_EXERCISE OBJECTIVE:_
Every line with the string "whole" must be copied from the entries below.

[Extracted records]

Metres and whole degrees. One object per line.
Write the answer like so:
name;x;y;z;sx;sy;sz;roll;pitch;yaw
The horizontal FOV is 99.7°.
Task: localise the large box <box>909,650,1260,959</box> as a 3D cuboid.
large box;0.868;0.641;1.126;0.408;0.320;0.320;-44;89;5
* * *
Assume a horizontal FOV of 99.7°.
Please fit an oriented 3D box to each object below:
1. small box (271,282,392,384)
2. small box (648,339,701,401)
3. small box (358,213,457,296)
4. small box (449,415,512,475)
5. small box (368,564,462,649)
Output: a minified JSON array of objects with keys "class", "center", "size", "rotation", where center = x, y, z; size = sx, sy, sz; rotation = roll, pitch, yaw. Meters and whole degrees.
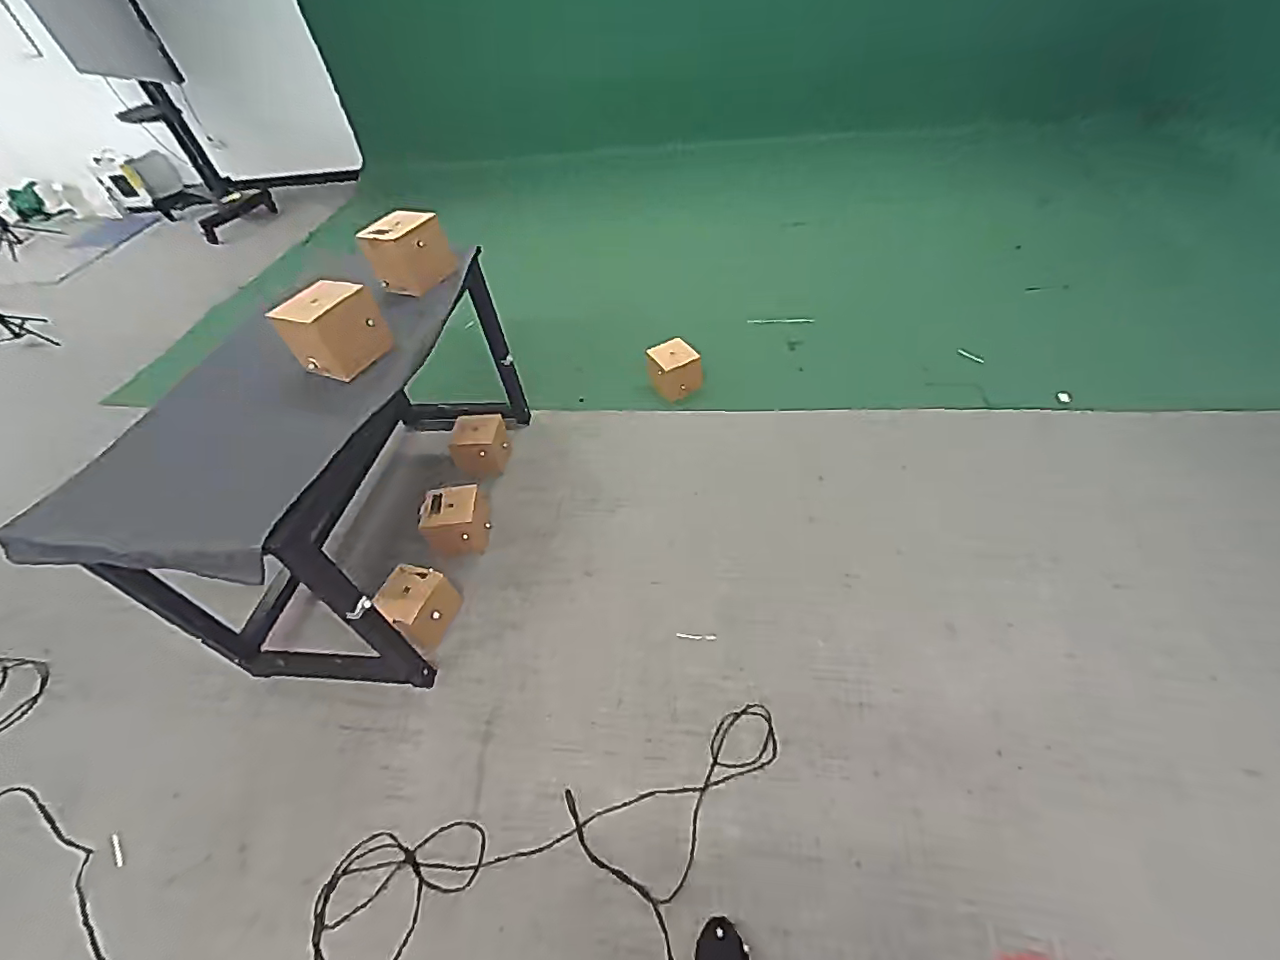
---
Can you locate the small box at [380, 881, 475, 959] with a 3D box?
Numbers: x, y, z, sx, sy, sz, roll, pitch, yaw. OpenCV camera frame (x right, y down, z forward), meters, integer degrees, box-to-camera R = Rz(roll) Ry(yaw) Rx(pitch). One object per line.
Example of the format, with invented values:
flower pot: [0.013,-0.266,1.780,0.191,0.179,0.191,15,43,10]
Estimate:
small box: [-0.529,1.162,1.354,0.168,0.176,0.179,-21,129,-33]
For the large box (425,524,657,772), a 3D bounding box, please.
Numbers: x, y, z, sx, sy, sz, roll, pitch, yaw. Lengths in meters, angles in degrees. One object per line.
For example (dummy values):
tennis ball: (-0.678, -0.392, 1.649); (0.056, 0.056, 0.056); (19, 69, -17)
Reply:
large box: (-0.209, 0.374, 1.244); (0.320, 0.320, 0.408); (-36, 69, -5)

_EXERCISE OUTPUT:_
Metres and whole degrees. One object per line.
Output: a minified JSON array of objects with keys "class", "center", "size", "rotation", where center = x, y, z; size = sx, sy, sz; rotation = roll, pitch, yaw. Meters and whole degrees.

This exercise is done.